L’année 1870 est souvent reconnue comme étant l’année marquant le tournant dans les mentalités. Elle marque également l’année où toutes les promesses de prestiges et grandeurs promises à la France étaient à mise à l’épreuve avec la guerre contre la Prusse – ennemi redoutable et fascinant. Bien que Napoléon ressentait une incertitude face à cette guerre, l’opinion publique cette fois – objet de l’instrumentalisation des pouvoirs politiques – désirait ardemment une guerre comme réponse à la dépêche humiliante rédigée par Bismarck.
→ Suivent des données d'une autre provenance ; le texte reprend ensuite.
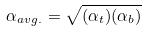<formula> <loc_0><loc_0><loc_500><loc_500>\alpha _ { a v g . } = \sqrt { ( \alpha _ { t } ) ( \alpha _ { b } ) }</formula> 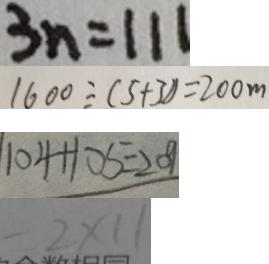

Les pouvoirs politiques n’ont pas manqué d’en rajouter en présentant sous forme d’affiches ou d’images «  l’Allemand  » comme envahisseur qu’il faut absolument combattre dans le but de préserver la Nation. C’est d’ailleurs, pour la première fois, qu’une telle manifestation et volonté de guerre se fait ressentir dans l’opinion publique qui crie majoritairement à la guerre «  A bas la Prusse  » «  A bas Bismarck  ». La défaite de 1870 va donc marquer l’échec de l’idéal promis qui est resté au stade du discours  ; il n’a pu être réalisé par l’acte de la guerre. L’opinion publique va donc se retrouver dans l’obligation d’accomplir cet idéal par elle-même, en prenant les armes lors de la Commune.

***

Après la défaite, tout le poids de l’occupation allemande s’est posé. Face à cette situation, l’opinion publique se divise  : d’un côté ceux qui décident d’empêcher  l’idéal de la nation en armes de sombrer et décident de continuer à combattre (les communards) ; ceux qui refusent de lutter  ; ceux qui veulent lutter mais qui pensent ne pas en avoir les moyens. Les communards sont ceux qui désirent le plus ardemment le maintient des combats pour la simple et bonne raison que leurs villes Paris ou Metz étaient en danger. Un important rapport d’un peuple à sa ville se fait sentir durant cette période. A l’inverse en province, la moitié de la population n’est pas au courant de ce qui se passe réellement. Dans tous les cas, personne ne souhaitait combattre en pleine période de moissons. Le patriotisme émerge donc principalement des villes, chez les urbains. En plus de l’opinion publique, les pouvoirs politiques aussi se divisent et ceux qui se rapprochent de l’idéal de la nation en armes sont les républicains qui refusent à tout prix de céder à un quelconque armistice ou paix  : « Nous ne voulons pas de paix honteuse, ni pour le pays, ni pour nos concitoyens. Plutôt mourir jusqu’au dernier  ».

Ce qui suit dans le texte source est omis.